Meeks, 56, was found dead from smoke inhalation when firefighters searched his smoke-filled apartment Magnolia and Iron streets early on the morning of Nov. 1.

Riverside Fire Authority Chief Jim Walkowski said investigators have narrowed down the ignition source.

“He smoked, and it was in the area he frequented,” Walkowski said. “And he had candles burning throughout the apartment.”

The fire department is waiting for tests on fragments of metal that might have been a candle base, Walkowski said. It could be weeks or months before the results are returned, according to the chief.

Walkowski is a fan of battery-powered faux candles.

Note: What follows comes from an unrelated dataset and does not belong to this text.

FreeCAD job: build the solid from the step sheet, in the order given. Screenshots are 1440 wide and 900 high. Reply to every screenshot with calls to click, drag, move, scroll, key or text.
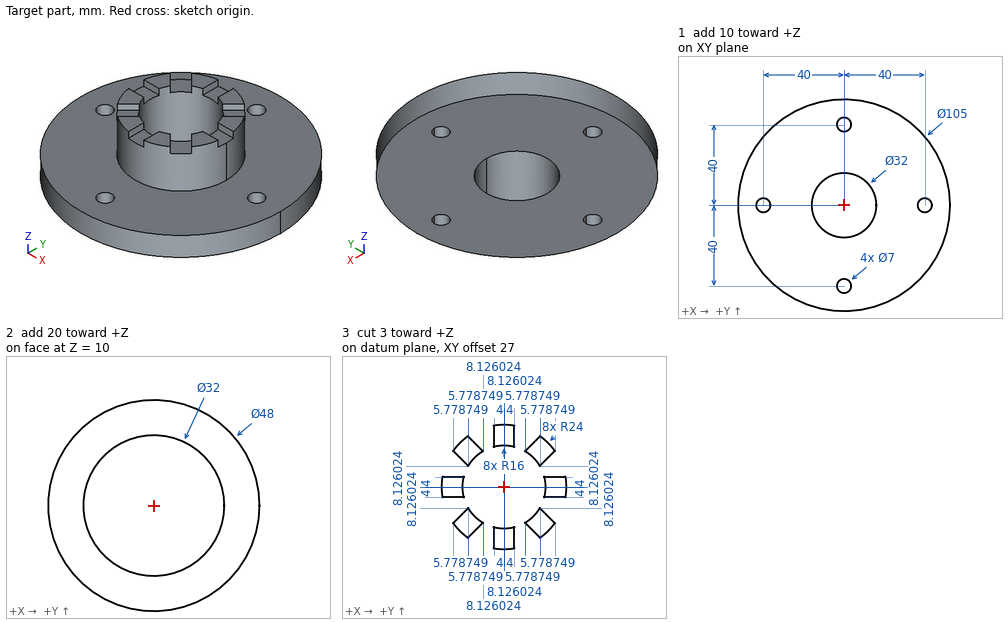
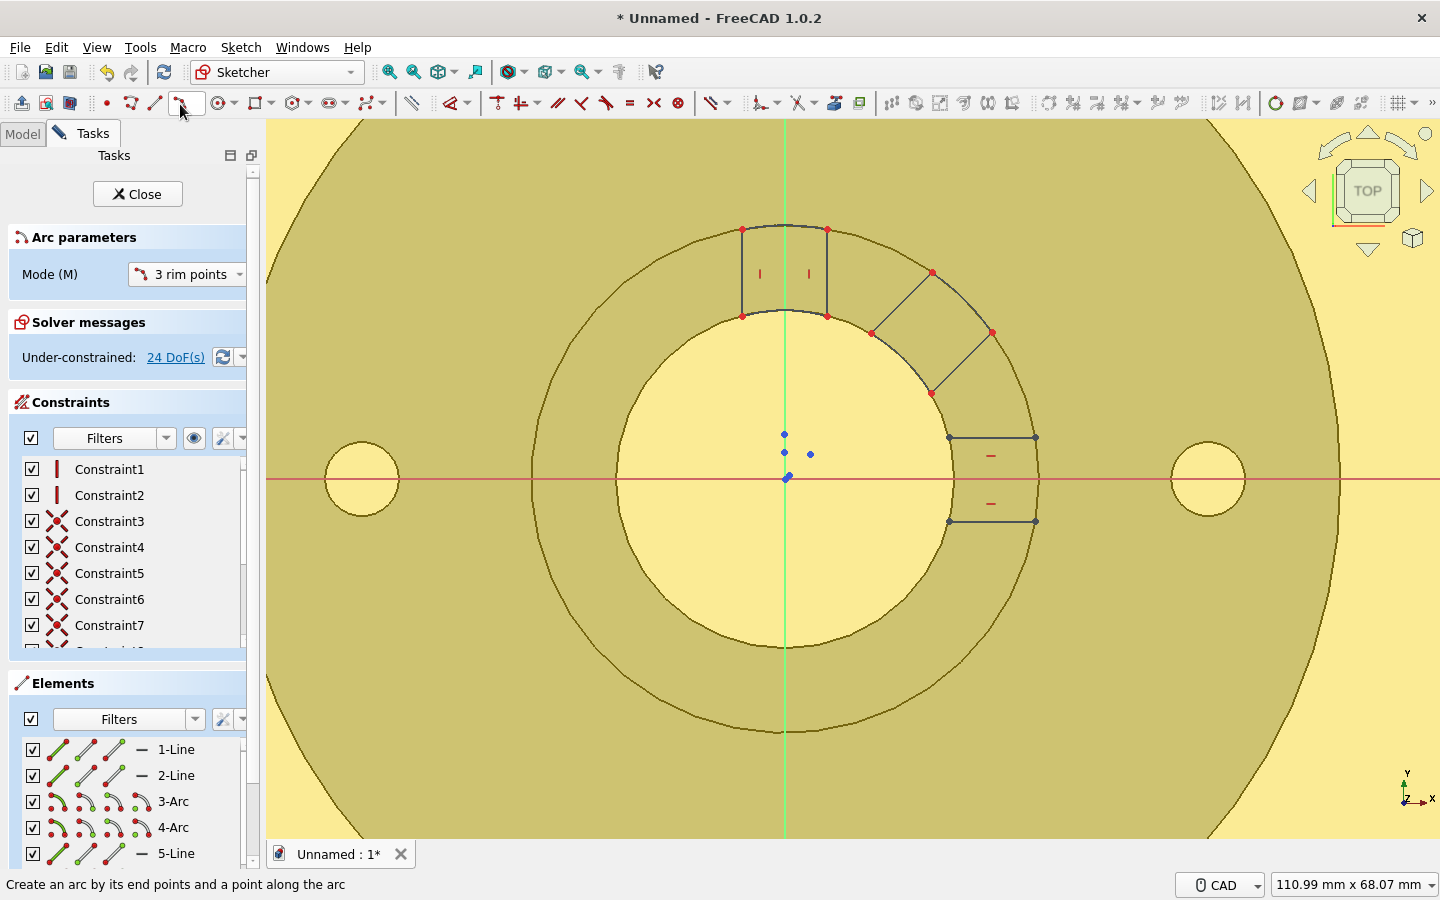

He doesn”t use real candles in his home, he said.

It’s tough, because people like their ambiance, but they get knocked over, they get put too close to combustible materials and people forget about them, he said.

Firefighters didn’t find a smoke detector in the apartment, only a ring on the ceiling where it once had been, according to the chief.

Meeks moved into the apartment in February, initially with his girlfriend but she had moved out about three weeks before the fire.

Other than a brief period 20 years ago in Portland, it was the first time he’d ever lived on his own, according to his younger sister Karen Ames.

He suffered major brain damage in a motorcycle wreck when he was in his late 20s, Ames said. He had to learn to walk and talk all over again, she said. He didn’t work after that, she said.

“If you didn’t know him, he would remind you of someone who was born slow,” Ames said.

Ames, who lives near Ogden, Utah, reluctantly added that her brother was incarcerated before that.

“Reform school, he spent time in jail,” she said. “It was drugs. He had a drug problem since he was very, very young.”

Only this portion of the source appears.